2.5. Bacterial Abundance and Biomass

[11] Cryoconite meltwater (30 ml) was preserved with prefiltered (0.2 μm) formalin to a final concentration of 2% v/v. Bacteria were filtered onto polycarbonate filters (0.2 μm pore size) and stained with the fluorochrome DAPI (4′, 6-diamidino-2 phenylindole) at a final concentration of 0.2% v/v [Porter and Feig, 1980]. More than 400 bacteria per sample were counted in randomly selected fields with a Zeiss Axioplan epifluorescence microscope equipped with BP 365, FT 395, and LP 397 filter sets. Images were taken with a highly sensitive charge-coupled device camera (Optotronics ZVS-47EC) and processed with the image analysis software LUCIA_D, version 3.50 (Laboratory Imaging, Prague, Czech Republic). Bacterial biovolume was determined from length and width measurements according to Posch et al. [1997]. Bacterial carbon content was estimated as described by Löferer-Krößbacher et al. [1998].

2.6. Bacterial Activity

[12] Bacterial productivity was estimated as 3H-thymidine incorporation into cold trichloroacetic acid (TCA) insoluble products [Takacs and Priscu, 1998] on the ice overlying the sediment layer and the sediment layer from three cryoconites on the Canada Glacier, sections of overlying ice from two cryoconites from the Hughes Glacier, and one from the Commonwealth Glacier. Samples were incubated with 20 nM thymidine for 20 h in the dark at 4°C. Thymidine incorporation was converted to carbon incorporation using conversion factors of 2.0 × 1018 cells mol thymidine−1 and 11 fg Carbon cell−1, as outlined by Takacs and Priscu, 1998 and Takacs et al. [2001]. Incubations were carried out in the dark at 0.1°C; temperature was logged throughout the course of the experiments.

[13] Extracellular enzyme activity (EEA) assays followed the protocol presented by Sinsabaugh et al. [1997] and Foreman et al. [1998]. Cryoconite samples were assayed for the activity of three hydrolytic enzymes at 4°C, using substrates linked to methylumbelliferyl or coumarin residues. The substrates for the ß-1, 4-glucosidase (BG), leucine aminopeptidase (LAP), and alkaline phosphatase (AP), assays were 4-MUF-ß-D-glucoside (EC, L-leucine-7- amido-4-methyl-coumarin (EC, and 4-MUF-phosphate (EC respectively. These enzymes are involved in the acquisition of carbon, nitrogen and phosphorous. BG is a carbohydrate degrading enzyme, LAP is a broad specificity enzyme involved in the final step of protein degradation and is used to assess organic nitrogen availability, and AP cleaves polyphosphate and orthophosphate monoesters resulting in the liberation of orthophosphorous. Activities are expressed as the rate of accumulation of methylumbelliferone or 7-amino-4-methyl coumarin, as appropriate, in units of nmol l−1 h−1, using emission coefficients calculated from standards and correcting for quench effects. The reaction rate (V) for each enzyme was calculated under substrate saturating concentrations on eight analytical replicates.

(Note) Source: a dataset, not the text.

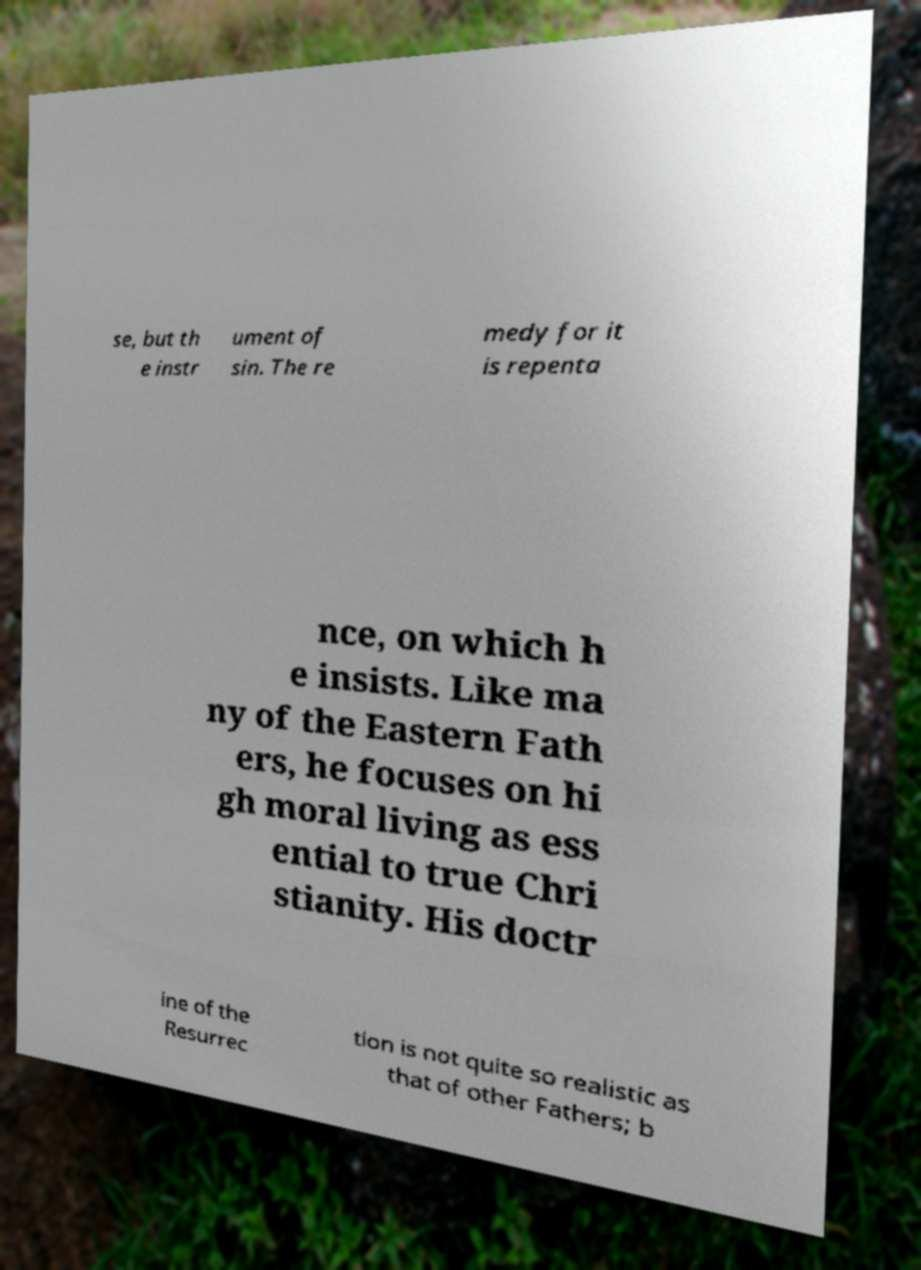For documentation purposes, I need the text within this image transcribed. Could you provide that? se, but th e instr ument of sin. The re medy for it is repenta nce, on which h e insists. Like ma ny of the Eastern Fath ers, he focuses on hi gh moral living as ess ential to true Chri stianity. His doctr ine of the Resurrec tion is not quite so realistic as that of other Fathers; b 
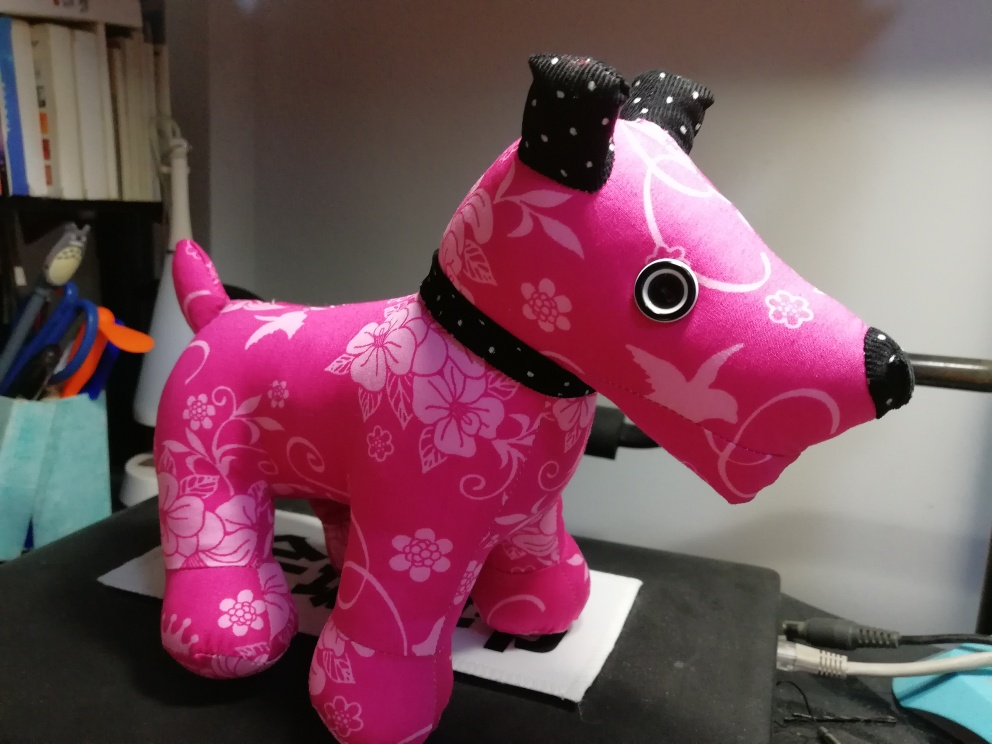What type of object is depicted in this image? The image shows a decorative object resembling a dog. It is styled with a vivid pink color adorned with floral patterns and has a black collar, giving it a playful and ornamental look. 
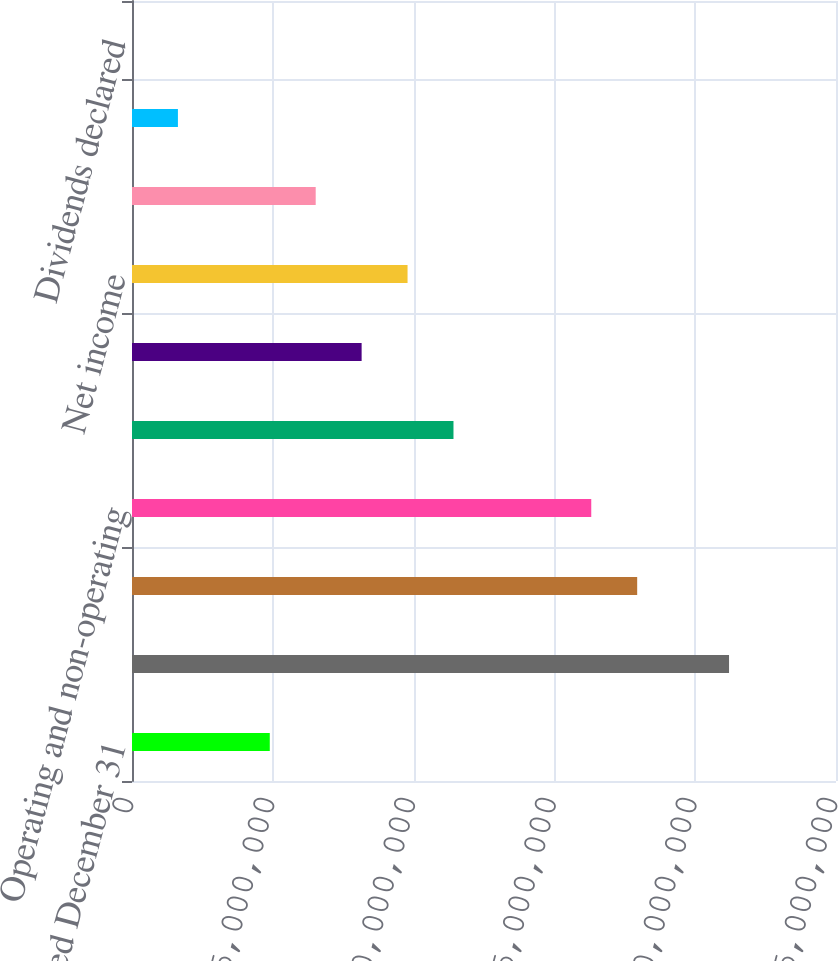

[14] The BIOLOG system (BIOLOG, Incorporated, Hayward, California) was used to assess the degree to which organisms within the cryoconites were capable of metabolizing distinct carbon compounds. The Biolog GN microplates consist of 95 different organic carbon substrates and one carbon-free blank [Garland, 1996]. Each well contains a redox dye, tetrazolium violet, which is reduced to formazan by the respiratory activity of the microbes present in the samples. Readings of optical density (590 nm) were made after incubation at 10°C for 24 h using a BioTek (FL600) microplate fluorometer [Sinsabaugh and Foreman, 2001].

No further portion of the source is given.